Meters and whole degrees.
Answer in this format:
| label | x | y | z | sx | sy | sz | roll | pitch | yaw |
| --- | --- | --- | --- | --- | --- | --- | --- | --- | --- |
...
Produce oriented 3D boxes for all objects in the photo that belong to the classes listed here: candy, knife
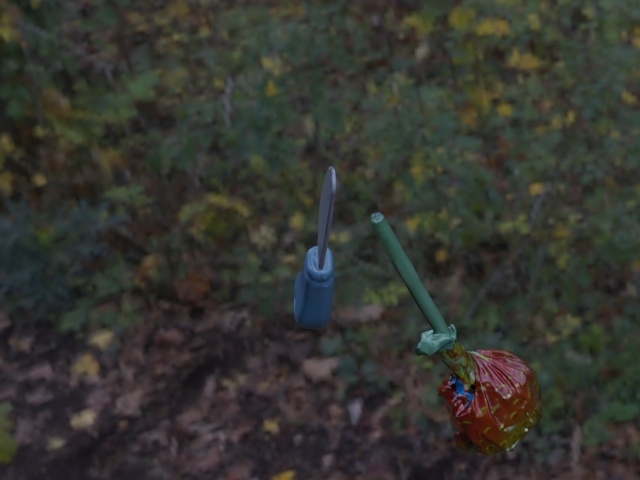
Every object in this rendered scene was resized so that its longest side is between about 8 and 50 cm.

EXERCISE GOAL
Write down all the entries exactly, but not the pictures they hold.

EXERCISE RESULT
Meters and whole degrees.
Answer in this format:
| label | x | y | z | sx | sy | sz | roll | pitch | yaw |
| --- | --- | --- | --- | --- | --- | --- | --- | --- | --- |
...
Produce oriented 3D boxes for all objects in the photo that belong to the classes listed here: candy, knife
Every object in this rendered scene was resized so that its longest side is between about 8 and 50 cm.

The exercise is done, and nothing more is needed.